Step 1 – Calculate the amount, in moles, of sodium carbonate reacted by rearranging the equation for amount of substance (mol) and dividing by 1000 to convert cm3 to dm3
Amount of Na2CO3 = (25.0 x 0.050) ÷ 1000 = 0.00125 mol
Step 2 – Calculate the amount, in moles, of hydrochloric acid reacted
1 mol of Na2CO3 reacts with 2 mol of HCl, so the Molar Ratio is 1 : 2
Therefore 0.00125 moles of Na2CO3 react with 0.00250 moles of HCl
Step 3 – Calculate the concentration, in mol / dm3 of the Hydrochloric Acid
1 dm3 = 1000 cm3
Volume of HCl = 20 ÷ 1000 = 0.0200 dm3
Concentration HCl (mol / dm3) = 0.00250 ÷ 0.0200 = 0.125
Concentration of Hydrochloric Acid = 0.125 mol / dm3
3. Calculating Volume
Equation:
Volume (dm3) = Amount of substance (mol) ÷ Concentration (mol / dm3)
Example:
Calculate the volume of hydrochloric acid of concentration 1.0 mol / dm3 that is required to react completely with 2.5g of calcium carbonate.
Step 1 – Calculate the amount, in moles, of calcium carbonate that reacts
Mr of CaCO3 is 100
Amount of CaCO3 = (2.5 ÷ 100) = 0.025 mol
Step 2 – Calculate the moles of hydrochloric acid required
CaCO3 + 2HCl → CaCl2 + H2O + CO2
1 mol of CaCO3 requires 2 mol of HCl
So 0.025 mol of CaCO3 Requires 0.05 mol of HCl
Step 3 – Calculate the volume of HCl Required
Volume = (Amount of Substance(mol) ÷ Concentration (mol / dm3)
= 0.05 ÷ 1.0
= 0.05 dm3 (the moles cancel out above and below the line)

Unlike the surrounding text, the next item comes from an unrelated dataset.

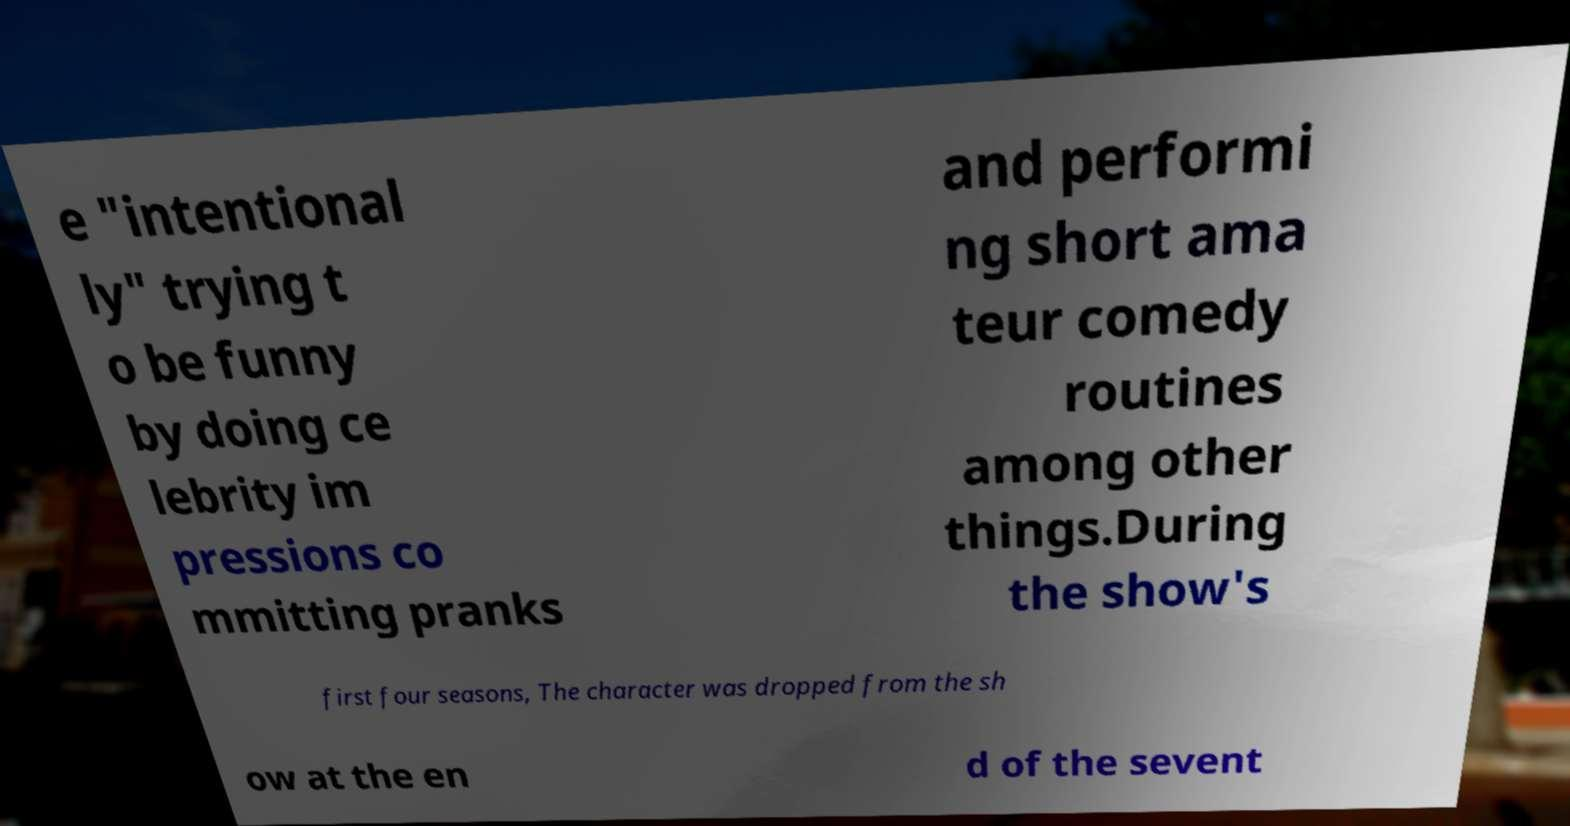Please read and relay the text visible in this image. What does it say? e "intentional ly" trying t o be funny by doing ce lebrity im pressions co mmitting pranks and performi ng short ama teur comedy routines among other things.During the show's first four seasons, The character was dropped from the sh ow at the en d of the sevent 
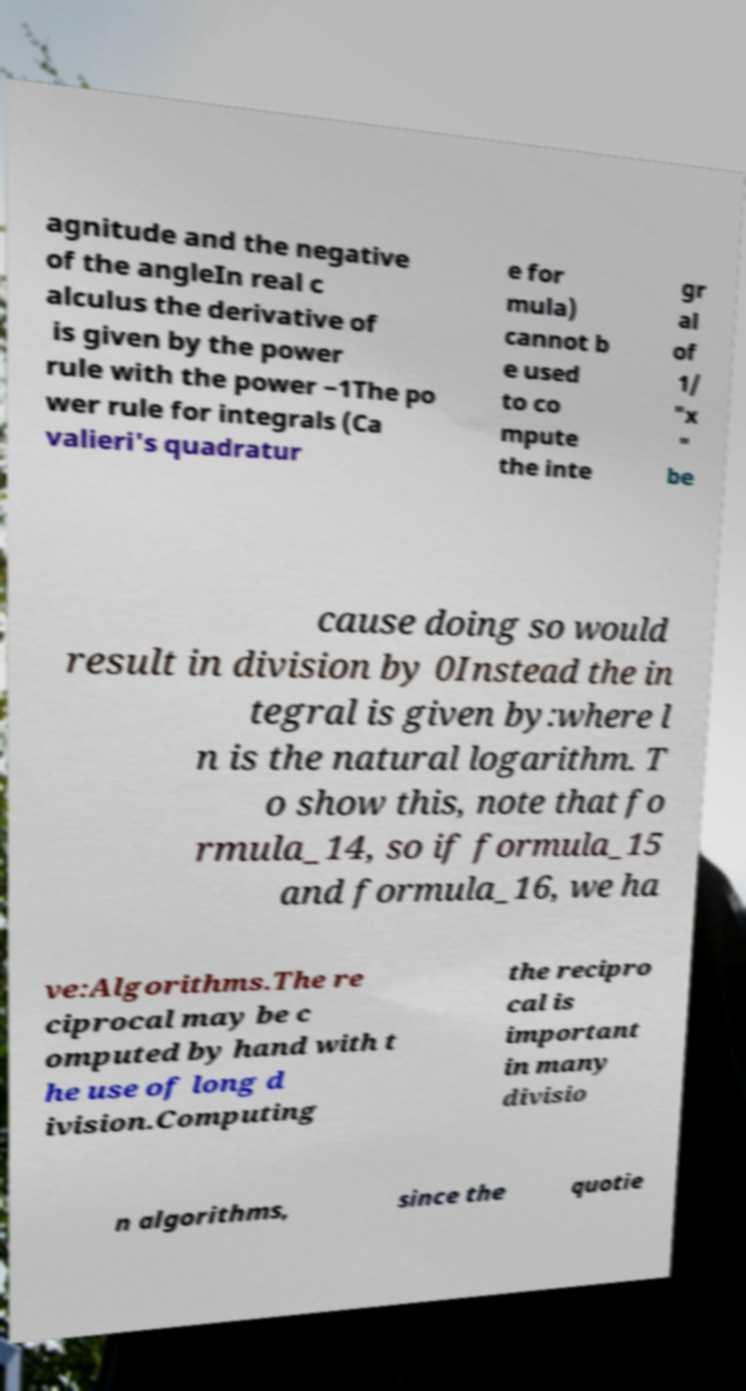Please read and relay the text visible in this image. What does it say? agnitude and the negative of the angleIn real c alculus the derivative of is given by the power rule with the power −1The po wer rule for integrals (Ca valieri's quadratur e for mula) cannot b e used to co mpute the inte gr al of 1/ "x " be cause doing so would result in division by 0Instead the in tegral is given by:where l n is the natural logarithm. T o show this, note that fo rmula_14, so if formula_15 and formula_16, we ha ve:Algorithms.The re ciprocal may be c omputed by hand with t he use of long d ivision.Computing the recipro cal is important in many divisio n algorithms, since the quotie

Volume of Hydrochloric Acid = 0.05 dm3
The limiting reactant and reacting masses
Limiting reactant
- The limiting reactant is the reactant which is not present in excess in a reaction
- It is always the first reactant to be used up which then causes the reaction to stop
- In order to determine which reactant is the limiting reagent in a reaction, we have to consider the ratios of each reactant in the balanced equation
Example:
9.2g of sodium is reacted with 8.0g of sulfur to produce sodium sulfide, NaS. Which reactant is in excess and which is the limiting reactant?
Step 1 – Calculate the moles of each reactant
Moles = Mass ÷ Ar
Moles Na = 9.2/23 = 0.40
Moles S = 8.0/32 = 0.25
Step 2 – Write the balanced equation and determine the molar ratio
2Na + S → Na2S so the molar ratios is 2 : 1
Step 3 – Compare the moles. So to react completely 0.40 moles of Na require 0.20 moles of S and since there are 0.25 moles of S, then S is in excess. Na is therefore the limiting reactant.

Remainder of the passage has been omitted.